I spam late game. Can confirm it's possible though someone check my figures below to see if I made any mistakes.

I agree that victories should have an active component, what makes it tedious is that I'm spamming the same unit over and over with mostly the same promotions if not always the same promotions. And there's no deployment strategy like with rock bands, I can always get in, fighting my spam units in your territory just gives me more religious spread, it's basically make a bigger faith economy and click next turn over and over but with the added tedium of ordering units once when they're created and once when they arrive (and occasionally dragging them on top of AI faith units). There's no strategy here, it's basically doom stacks from older civ games except not literal stacks. IDK faith victory is not my bag and I hated going after these achievements the most but I am repeating others at this point.

Anyway a well placed (mountains and wonders or at least districts and trees) holy site with trade routes going through it will get you max 15 FPT (+1 for each trade route past the first). That's a specialist (2) a shrine (2) a temple (4) an adjacent 1 tile natural wonder (2) 4 adjacent mountains (4) and 1 for each trade route. You will never have a +6 adjacency bonus but you will almost definitely have at least 2 trade routes going through so 15 is a good average. Lots of tile improvements and luxuries give you faith, some of them like the colossal heads absurd faith (and tourism). Even with an AI, faith/cash playstyles play wide even when the AI is doing it at least so all the city-states are reachable, so you'll have added passive income beyond roughly 50 FPT/city and a lot of cities by midgame. Additionally your delegates - and thanks to medieval faires delegate spam is how basically everyone jump starts their midgame economy - are grabbing you 6 faith (with diplomatic quarter) from religious city states. All of this hasn't even taken into account religious buildings so add another 3 to each city I just mentioned. What I'm saying is several hundred FPT even on quick speed is easily feasible. And since cost increases comparing marathon to internet speed are just 6:1 and you increase faith output much more than 6 times as fast, especially once you have traders, this means that the faster the game speed, the more faith you effectively have; things are 1/6th the price but you have much more than 1/6th the output when 1/6th the turns have passed.

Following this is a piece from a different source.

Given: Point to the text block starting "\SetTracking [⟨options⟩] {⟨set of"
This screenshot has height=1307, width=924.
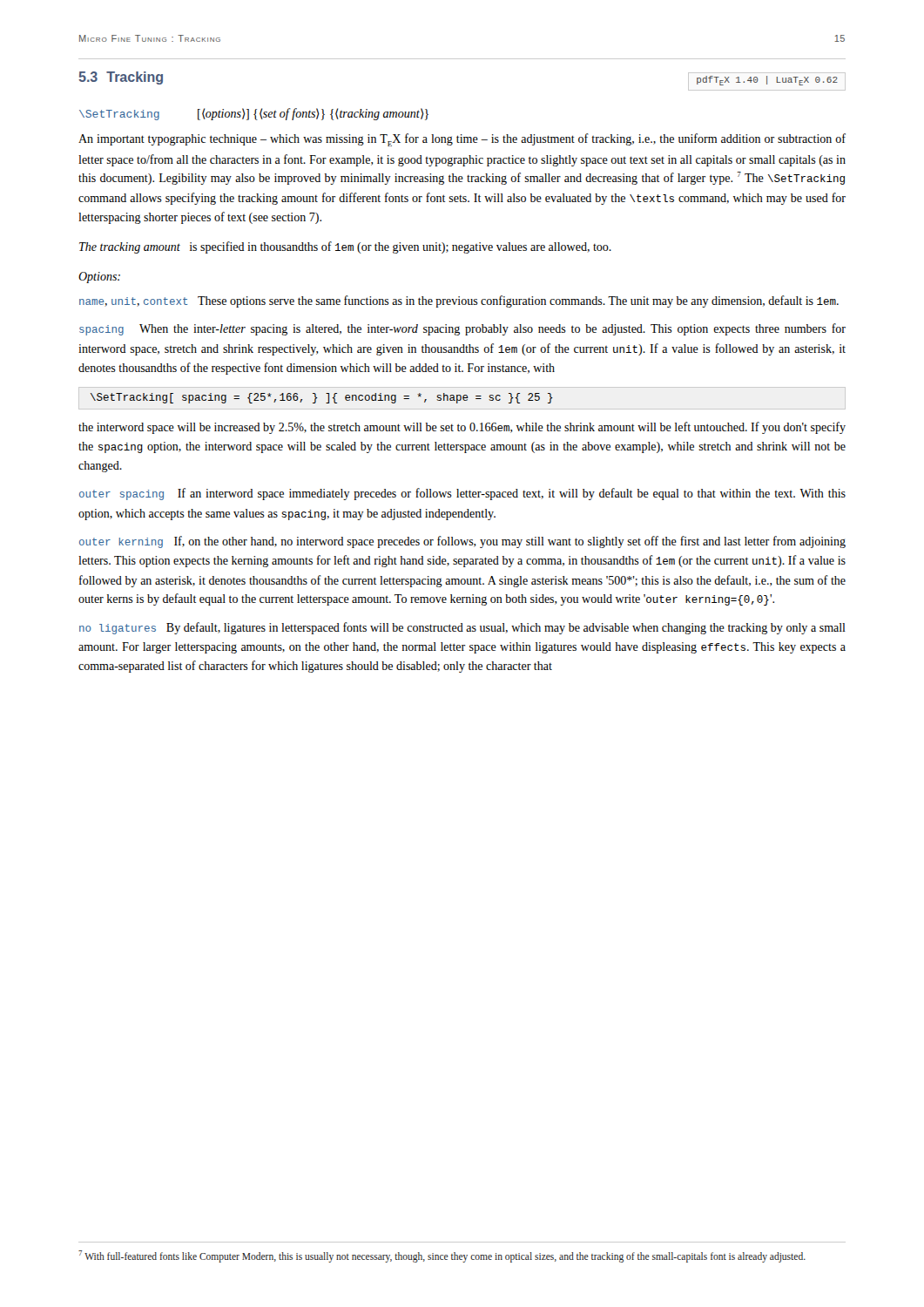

What I'm saying is apostle spam is realistic and something I and other players do frequently. Or at least used to before things like voidsingers were introduced to the game. Even with secret societies though if you're playing owls, or even without a society if your leader gives you any kind of faith... basically there are a lot of ways to produce a ridiculous amount of money and faith and in civ 6 money and faith are how you win. So we should not be surprised when the AI is doing it.

Honestly... in the late game the AI can't really keep up. Don't even bother with the inquisitor strategy people usually recommend. Keep a buff apostle or two in your city and wait for the AI to spam you and kill their apostles, each one that dies gives you more you-faith and keeps the AI busy feeding more hamburger into your meatgrinder. I consider manipulating a faith-happy AI the 2nd easiest way to win, 2nd only to slowing the game down to marathon speed and focusing on diplomacy (which was easy mode for deity victories in civ 5 as well).

So I guess TL;DR if you want the AI to get less spammy and want your religion to have a chance to survive without you having to devote a lot of attention to it, just slow the game speed down to marathon and make the apostles effectively dramatically more expensive.

Bear in mind though that all units move 6 times as fast in marathon speed.
 
It's not that much. I always have a lot more missionaries than AI.

The real reason they have tons of apostles is because 1) they rarely die as they retreat as soon as HP is low, and 2) they're rarely used to convert. Once you start killing them, you'd realize AI's capability to replenish religious units is no better than yours.